Authors: Eva Marková, Tomáš Bajtoš, Pavol Sokol, Terézia Mézešová
Abstract
An inherent part of everyday life and work on a computer is ownership and use of an email address. The main aim of this paper is to analyze existing approaches to classification of malicious emails. We have implemented a system, which is able to distinguish between legitimate and malicious emails. Subsequently, malicious emails are classified into three subcategories: spam, scam, and phishing. We prepared a labeled dataset. We extracted several features from emails contained in the dataset. Within the system, we have implemented four supervised machine learning methods (Random Forest, Decision Tree, Support Vector Machines, k-Nearest Neighbors) and evaluated them. According to our results, the Random Forest is the most suitable approach for email classification.
Introduction
Every year, attacks on the Internet become more and more sophisticated. Attackers often get credentials or bank details through malicious emails, which may contain fraudulent links. They also may require users to install some malicious software which can monitor their activity on the computer. Today’s emails no longer seem to be written by a machine, so it’s difficult to distinguish illegitimate emails from the legitimate ones.
This problem needs to be solved, so we can prevent e.g. data leaks in an organisation. It is also important to users not to deal with the loss of money or credentials. We also want to make it easier for IT staff, because they often have to deal with problems, which can be avoided by creating a system capable of detecting malicious email.
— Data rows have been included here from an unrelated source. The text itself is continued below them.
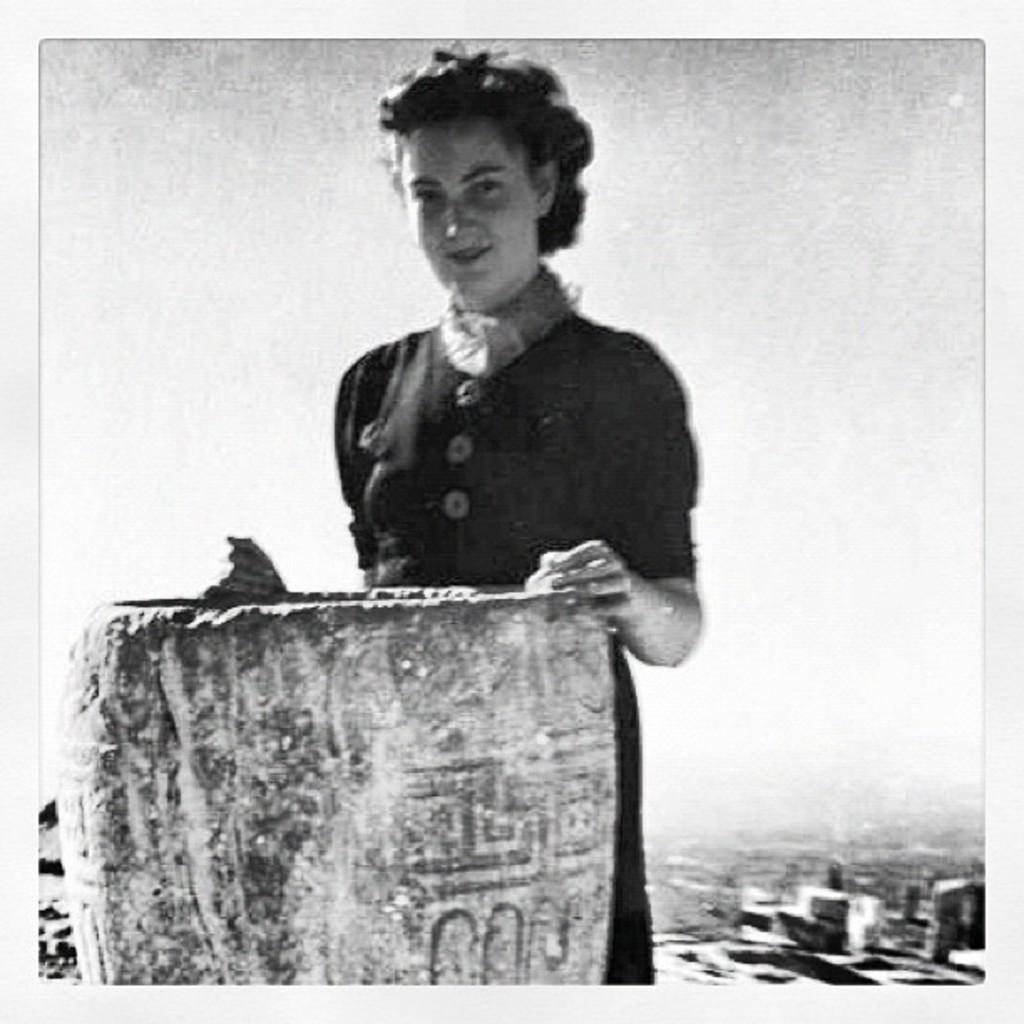Who is present in the image? There is a woman in the image. What is the woman wearing? The woman is wearing a black dress. What is the woman's facial expression? The woman is smiling. What type of natural elements can be seen in the image? There are stones visible in the image. Can you describe the background of the image? The background of the image is blurred. What type of rake is the woman holding in the image? There is no rake present in the image. 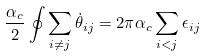<formula> <loc_0><loc_0><loc_500><loc_500>\frac { \alpha _ { c } } { 2 } \oint \sum _ { i \ne j } \dot { \theta } _ { i j } = 2 \pi \alpha _ { c } \sum _ { i < j } \epsilon _ { i j }</formula> 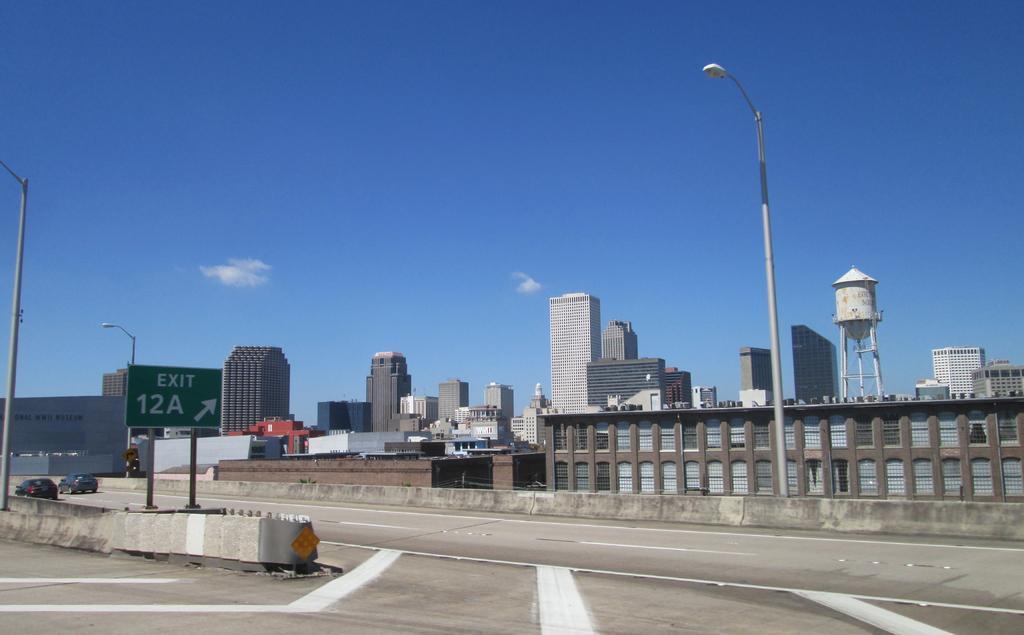Could you give a brief overview of what you see in this image? In this picture there are buildings and street lights and there is a board on the pole and there is text on the board and there are vehicles on the road. At the top there is sky and there are clouds. At the bottom there is a road. 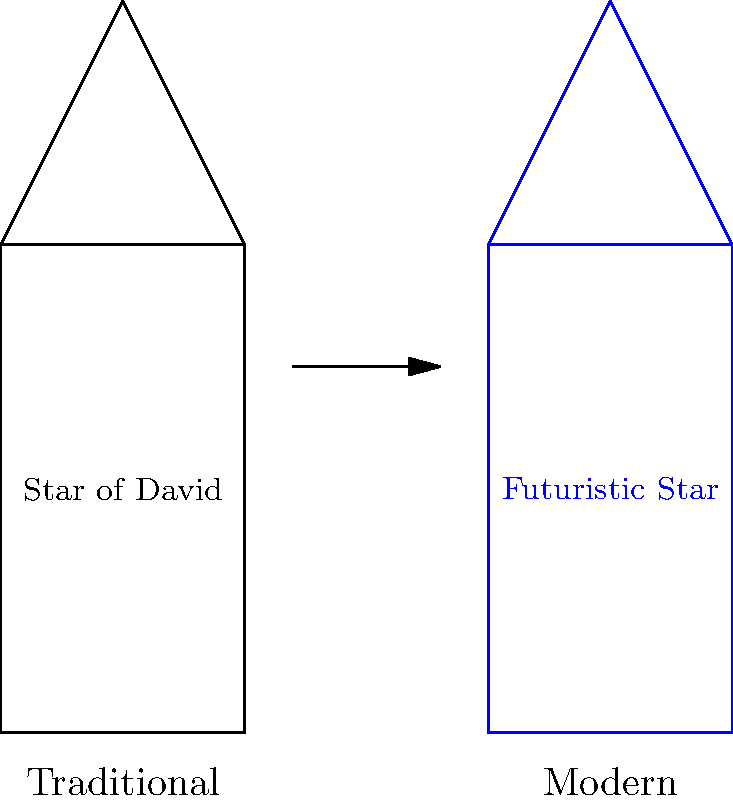In recent films like "A Serious Man" by the Coen Brothers, how has the traditional Star of David symbol been reimagined to reflect contemporary Jewish identity? 1. Traditional Star of David:
   - Typically depicted as a six-pointed star
   - Often shown in yellow or gold
   - Associated with Jewish heritage and religious identity

2. Modern interpretation in film:
   - The Coen Brothers' "A Serious Man" (2009) subtly alters this symbol
   - The star is depicted with sleeker, more angular lines
   - Often shown in cooler colors like blue or silver

3. Symbolic meaning of the change:
   - Represents the evolving nature of Jewish identity in the modern world
   - Reflects the tension between tradition and modernity
   - Hints at the protagonist's struggle with faith and cultural identity

4. Cinematic context:
   - The reimagined star appears in dream sequences and symbolic moments
   - It serves as a visual metaphor for the main character's spiritual journey
   - The altered symbol bridges the gap between ancient tradition and contemporary life

5. Impact on Jewish millennial viewers:
   - Encourages reflection on personal relationship with faith and culture
   - Resonates with the experience of balancing tradition and modern life
   - Sparks discussions about the evolution of Jewish symbolism in media
Answer: Sleeker, more angular design in cooler colors, symbolizing evolving Jewish identity 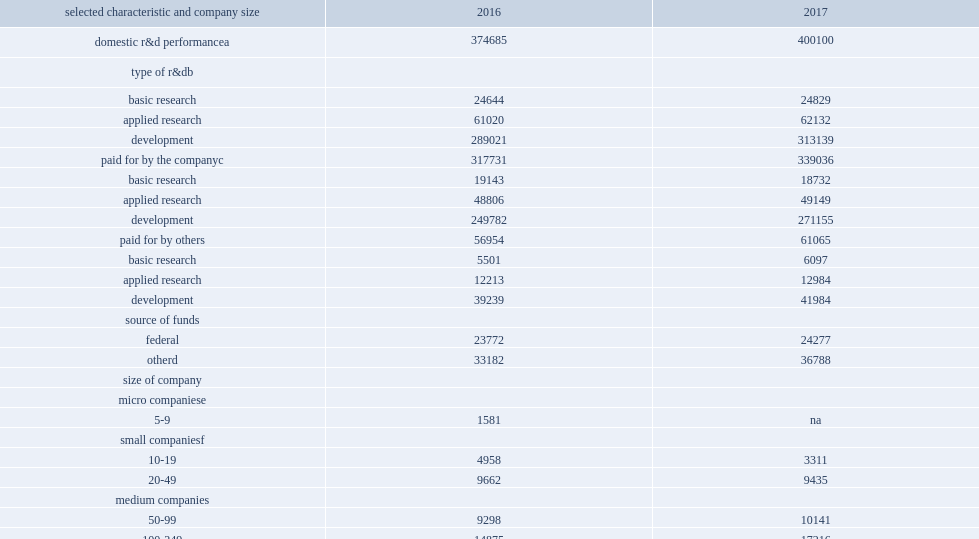How many million dollars did businesses spend on research and development performance in the united states in 2017? 400100.0. Businesses spent $400 billion on research and development performance in the united states in 2017, how many percent of increase from 2016? 0.06783. How many million dollars was funding from the companies' own sources in 2017? 339036.0. Funding from the companies' own sources was $339 billion in 2017, how many percent of increase from 2016? 0.067054. How many million dollars was funding from other sources in 2017? 61065.0. How many million dollars was funding from other sources in 2016? 56954.0. In 2017, of the $400 million companies spent on r&d, how many million dollars were spent on basic research? 24829.0. In 2017, of the $400 million companies spent on r&d, how many million dollars were spent on applied research? 62132.0. In 2017, of the $400 million companies spent on r&d, how many million dollars were spent on development? 313139.0. 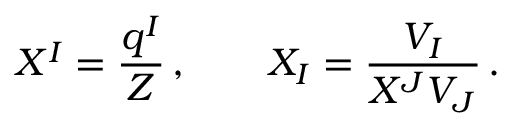<formula> <loc_0><loc_0><loc_500><loc_500>X ^ { I } = \frac { q ^ { I } } { Z } \, , \quad X _ { I } = \frac { V _ { I } } { X ^ { J } V _ { J } } \, .</formula> 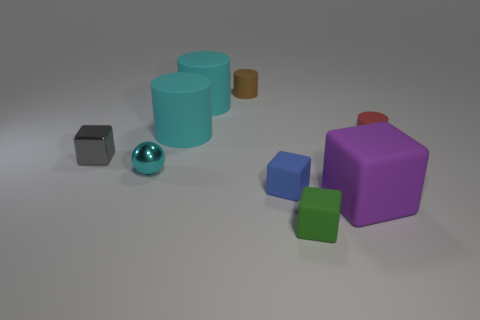Subtract all small gray shiny blocks. How many blocks are left? 3 Subtract all gray cubes. How many cyan cylinders are left? 2 Subtract all cyan cylinders. How many cylinders are left? 2 Subtract 1 cubes. How many cubes are left? 3 Subtract all cylinders. How many objects are left? 5 Subtract all purple cylinders. Subtract all cyan spheres. How many cylinders are left? 4 Subtract all large cylinders. Subtract all purple blocks. How many objects are left? 6 Add 8 small red things. How many small red things are left? 9 Add 4 tiny cylinders. How many tiny cylinders exist? 6 Subtract 0 brown balls. How many objects are left? 9 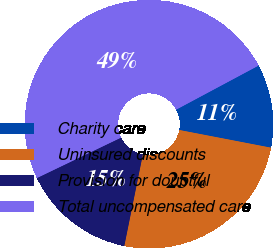<chart> <loc_0><loc_0><loc_500><loc_500><pie_chart><fcel>Charity care<fcel>Uninsured discounts<fcel>Provision for doubtful<fcel>Total uncompensated care<nl><fcel>10.85%<fcel>25.15%<fcel>14.69%<fcel>49.31%<nl></chart> 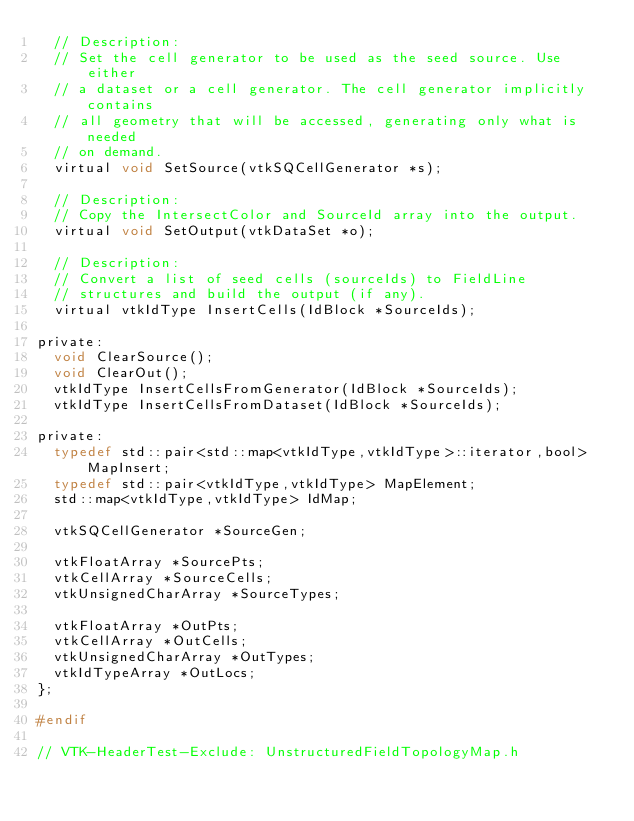Convert code to text. <code><loc_0><loc_0><loc_500><loc_500><_C_>  // Description:
  // Set the cell generator to be used as the seed source. Use either
  // a dataset or a cell generator. The cell generator implicitly contains
  // all geometry that will be accessed, generating only what is needed
  // on demand.
  virtual void SetSource(vtkSQCellGenerator *s);

  // Description:
  // Copy the IntersectColor and SourceId array into the output.
  virtual void SetOutput(vtkDataSet *o);

  // Description:
  // Convert a list of seed cells (sourceIds) to FieldLine
  // structures and build the output (if any).
  virtual vtkIdType InsertCells(IdBlock *SourceIds);

private:
  void ClearSource();
  void ClearOut();
  vtkIdType InsertCellsFromGenerator(IdBlock *SourceIds);
  vtkIdType InsertCellsFromDataset(IdBlock *SourceIds);

private:
  typedef std::pair<std::map<vtkIdType,vtkIdType>::iterator,bool> MapInsert;
  typedef std::pair<vtkIdType,vtkIdType> MapElement;
  std::map<vtkIdType,vtkIdType> IdMap;

  vtkSQCellGenerator *SourceGen;

  vtkFloatArray *SourcePts;
  vtkCellArray *SourceCells;
  vtkUnsignedCharArray *SourceTypes;

  vtkFloatArray *OutPts;
  vtkCellArray *OutCells;
  vtkUnsignedCharArray *OutTypes;
  vtkIdTypeArray *OutLocs;
};

#endif

// VTK-HeaderTest-Exclude: UnstructuredFieldTopologyMap.h
</code> 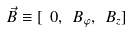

Before the system was built, we previously tested employees and students in our organization, which is around 10.000 people [1]. We sent them three different versions of phishing email. It turned out that approximately 5 percent of people (about 500 people) responded to this email and that’s a big loss for such an organization as university.
In this paper we compared the performance of 4 different classifiers designed to categorize emails into categories and we evaluated them by performance metrics. We used Random Forest, Decision Tree (CART), Support Vector Machines and k-Nearest Neighbors. It turned out that the best results are achieved by Random Forest and in our system we used default implementation offered by the scikit-learn library [2] in Python. In our system we also can see the results of others algorithms, but the most important is Random Forest.
The problem with classification is how to clearly distinguish between spam, scam phishing and legitimate email. Spam is any irrelevant or unsolicited message, mostly advertisement that is sent over the Internet. Scam is a popular form of fraud in which an attacker convinces a victim to pay a certain amount of money and promises a greater reward. Phishing contains links to malicious websites that appear legitimate, or encourages to click on a link, or attempt to retrieve sensitive information. It is very difficult to find characteristics of emails that clearly distinguish these categories. For example, in scam it is needed to look at the text part of an email, because it often does not contain any suspicious links or any attachment. The main goal of this paper is the analysis of the techniques for detection malicious emails and also implementation of malicious emails prevention system. We state the following research sub-goals:
- comparison of methods for detection of malicious emails, and
- design and implementation of system for detection of malicious emails.
This paper is organized into six sections. Section II focuses on the review of published research related to methods to detect malicious emails and design and implementation of prevention system. Section III focuses on research methodology. Section IV describes design and implementation of proposed system. Section V contains results and discussion and last section contains conclusion and our suggestions for the future research.